Advocacy groups slam federal ruling jeopardizing access to abortion pills

Advocacy groups slam federal ruling jeopardizing access to abortion pills

Advocacy organizations and medical groups criticized a federal ruling that could prevent access to an abortion pill, arguing that it threatens access to safe health care. 

The statements came after a federal judge in Texas ruled on Friday that the Food and Drug Administration’s (FDA) approval of mifepristone more than two decades ago was improperly rushed and allowed an unsafe drug regimen to reach the market. U.S. District Judge Matthew Kacsmaryk granted the federal government a week to appeal the ruling and seek emergency relief before it goes into effect. 

The FDA filed its appeal to the conservative-leaning 5th Circuit Court of Appeals shortly after the ruling on Friday night. 

Planned Parenthood President and CEO Alexis Johnson slammed the ruling as an “outrage” in a statement, saying it “exposes the weaponization of our judicial system to further restrict abortion nationwide.” 
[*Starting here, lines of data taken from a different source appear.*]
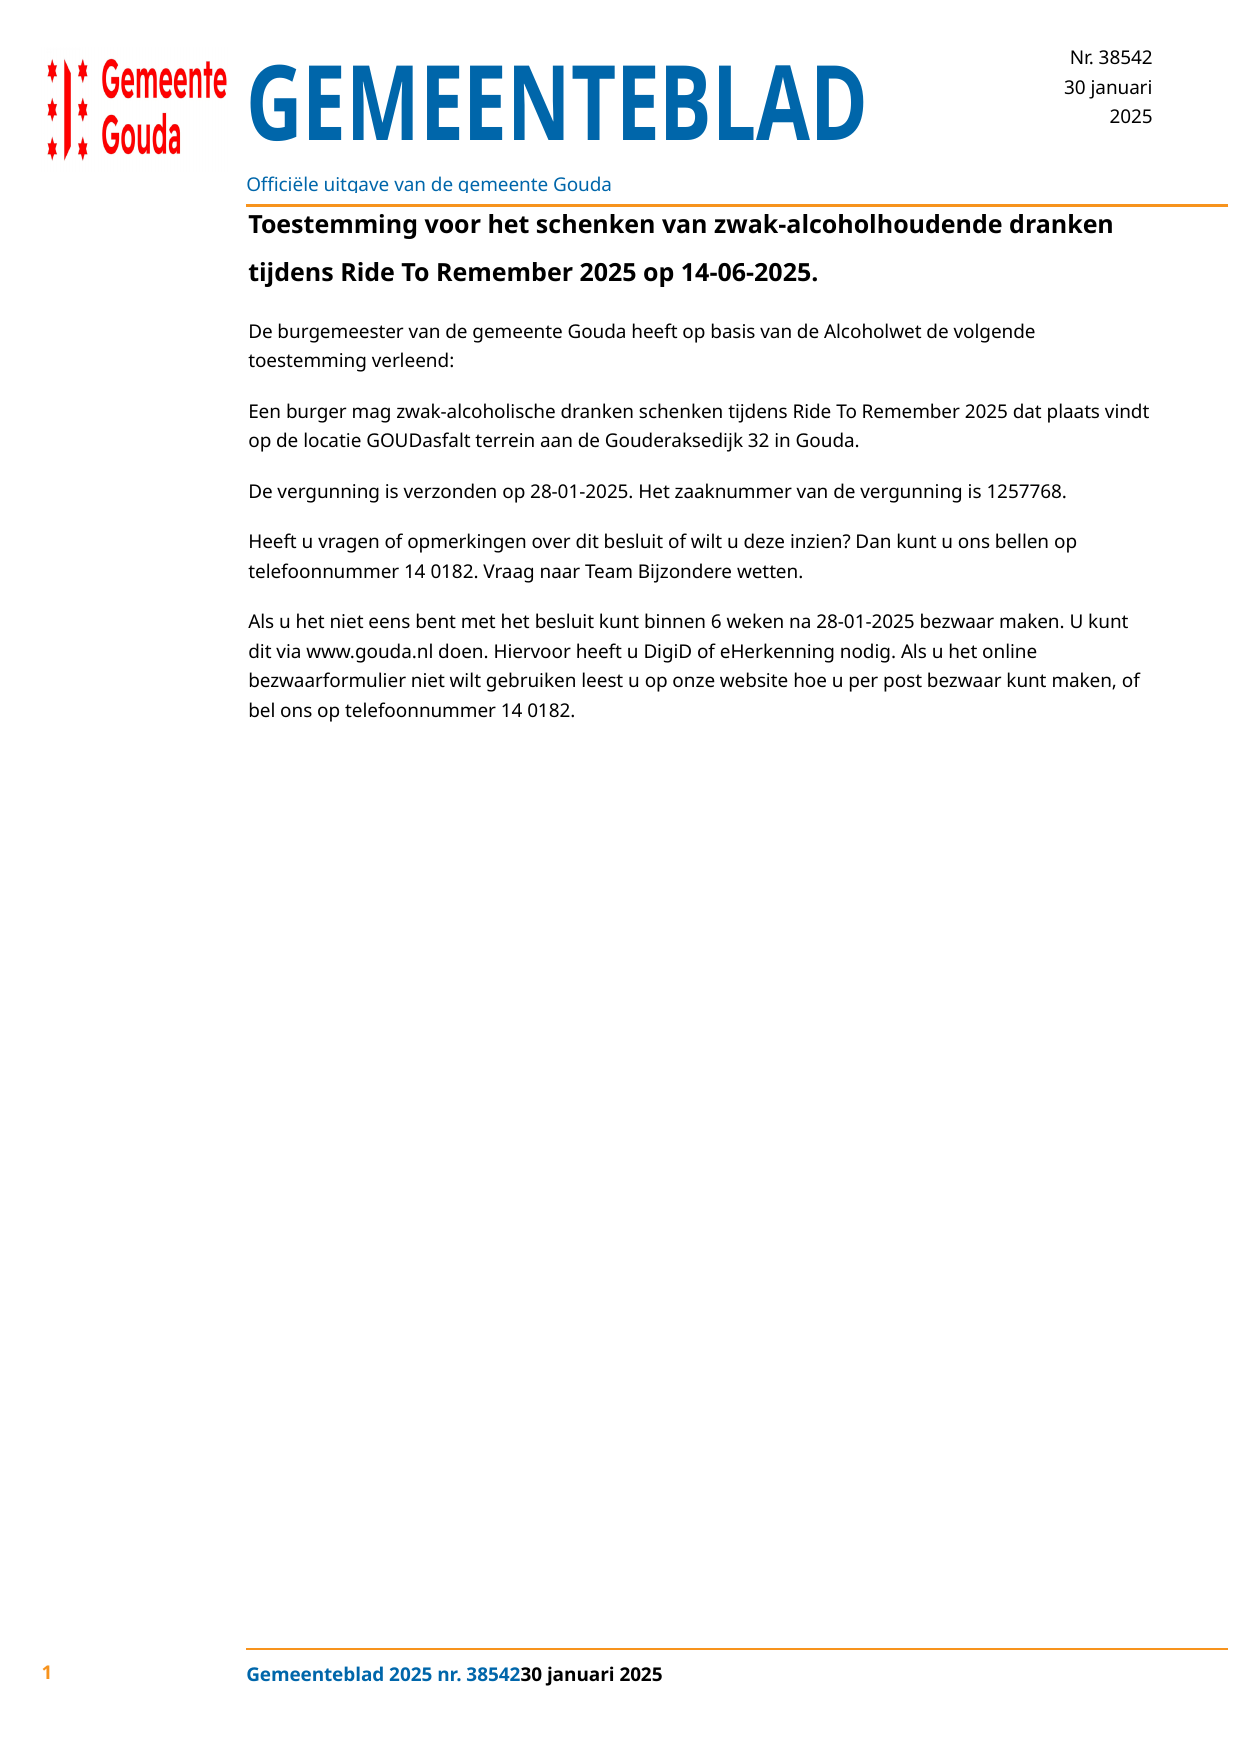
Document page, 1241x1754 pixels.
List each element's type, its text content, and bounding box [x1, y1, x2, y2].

text De burgemeester van de gemeente Gouda heeft op basis van de Alcoholwet de volgende toestemming verleend: [248, 318, 1152, 373]
text Toestemming voor het schenken van zwak-alcoholhoudende dranken tijdens Ride To Remember 2025 op 14-06-2025. [248, 207, 1152, 288]
text Heeft u vragen of opmerkingen over dit besluit of wilt u deze inzien? Dan kunt u ons bellen op telefoonnummer 14 0182. Vraag naar Team Bijzondere wetten. [248, 528, 1152, 584]
picture [41, 47, 231, 172]
text Een burger mag zwak-alcoholische dranken schenken tijdens Ride To Remember 2025 dat plaats vindt op de locatie GOUDasfalt terrein aan de Gouderaksedijk 32 in Gouda. [248, 398, 1152, 453]
text Als u het niet eens bent met het besluit kunt binnen 6 weken na 28-01-2025 bezwaar maken. U kunt dit via www.gouda.nl doen. Hiervoor heeft u DigiD of eHerkenning nodig. Als u het online bezwaarformulier niet wilt gebruiken leest u op onze website hoe u per post bezwaar kunt maken, of bel ons op telefoonnummer 14 0182. [248, 608, 1152, 723]
text De vergunning is verzonden op 28-01-2025. Het zaaknummer van de vergunning is 1257768. [248, 478, 1152, 504]

“We should all be enraged that one judge can unilaterally reject medical evidence and overrule the FDA’s approval of a medication that has been safely and effectively used for more than two decades,” Johnson said. “This decision could threaten the FDA’s role in this country’s public health system, and — if allowed to stand — will have broad and unprecedented consequences that reach far beyond abortion.”

Unite for Reproductive & Gender Equity — an organization that advocates for reproductive health care — said in a post on its website that the case is the “latest attempt by extremists to control people’s bodies and further restrict healthcare options.” 

Kimberly Inez McGuire, the executive director of the group, said in a statement that the ruling is bringing “more confusion than clarity.” 

“People will always need abortions. People will always have abortions,” McGuire said. “Abortion pills are safe and effective.”

“Our fight is not over,” she continued. “We will continue to advocate for everyone to have access to the abortion care method that best suits them without stigma, political interference, or risk of criminalization.”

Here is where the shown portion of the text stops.